Category Archives: Congress

I Have a Dream….

My dream is that Mitch McConnell of Kentucky, Republican Leader of the Senate, solemnly announces that he has received from the House of Representatives Articles of Impeachment of Donald J. Trump, President of the United States, and that as detailed by the Constitution and the rules of the Senate he is turning the gavel over to the Chief Justice of the United States, John Roberts, who will preside (Article I, Section 3, Clause 6).

Roberts then administers to the Senators the required special “oath or affirmation” required by the Constitution and specified in the rules of the Senate:

”I solemnly swear (or affirm) that in all things appertaining to the trial of ____, now pending, I will do impartial justice according to the Constitution and laws, so help me God.”
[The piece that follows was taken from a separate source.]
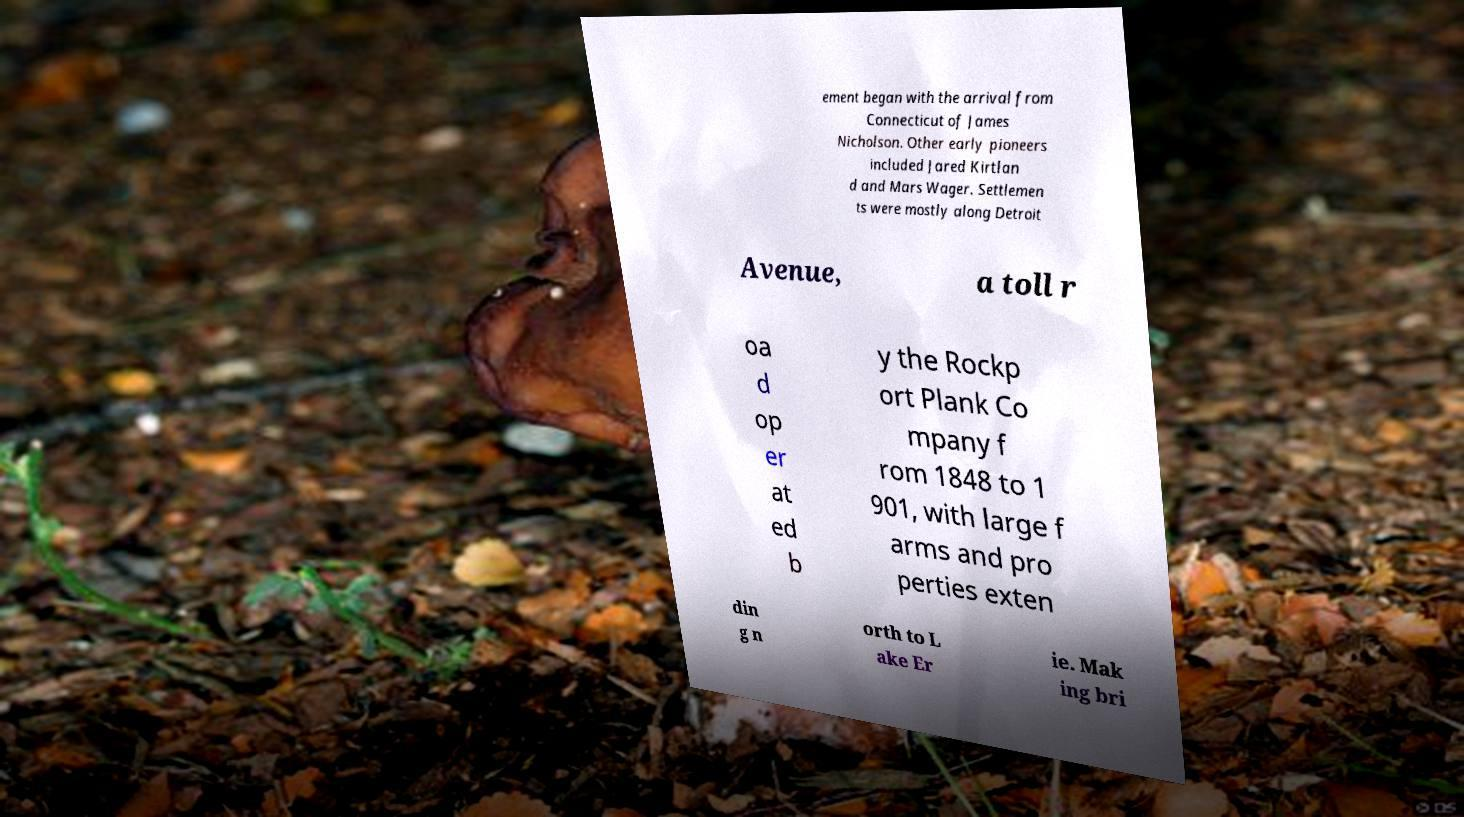Could you extract and type out the text from this image? ement began with the arrival from Connecticut of James Nicholson. Other early pioneers included Jared Kirtlan d and Mars Wager. Settlemen ts were mostly along Detroit Avenue, a toll r oa d op er at ed b y the Rockp ort Plank Co mpany f rom 1848 to 1 901, with large f arms and pro perties exten din g n orth to L ake Er ie. Mak ing bri

Senate Impeachment Rule XXV

At this point Chuck Schumer of New York, Democratic leader of the Senate, expressing a sense of moral outrage he has never before shown in public, makes a motion, rising to object to the seating of Senators McConnell and Lindsay Graham, Republican of South Carolina, as jurors due to their false swearing of the oath.

A hush falls over the Senate. And all eyes turn to Justice Roberts.

There is no question that Schumer would be correct in alleging that McConnell and Graham, at a minimum among the Republican senators, will have lied when they swear to God that they will, sitting now as jurors, do “impartial justice.” McConnell has repeatedly stated that he is working to guarantee an acquittal for Trump. In an interview with Fox host Sean Hannity he said, “Everything I do during this, I’m coordinating with the White House counsel,” and, “There will be no difference between the president’s position and our position as to how to handle this.”

Graham is even more blatant, saying in front of any camera available that his mind is made up, as he told CNN, “I am trying to give a pretty clear signal I have made up my mind. I’m not trying to pretend to be a fair juror here,” Graham said, adding, “This thing will come to the Senate, and it will die quickly, and I will do everything I can to make it die quickly,”

If Schumer, or any other senator, has what it takes to offer my dream motion, it will put the Chief Justice on the hot seat. It is true that the ultimate power to set the rules of the impeachment trial rests not with the Chief but with the Senate itself and, as McConnell loves to repeatedly observe, he controls the 51 votes needed to win any vote.

But as I read the rules, before it comes to a vote, John Roberts will first issue a ruling. Make no mistake, Roberts is a conservative Republican right to his core. But unlike most of his right wing brethren Roberts also has a sense, if not for fairness, than a sense for history. History of the Supreme Court to be sure. But also for the history of justice in America. Robert might, just might, make the proper ruling. Anyone sitting on a jury who announces a verdict before the trial has begun, gets to go home early.

It will not be hard for the Republican senators to vote against my dream motion. But if Roberts has first ruled in its favor, it will be harder.

In my dreams.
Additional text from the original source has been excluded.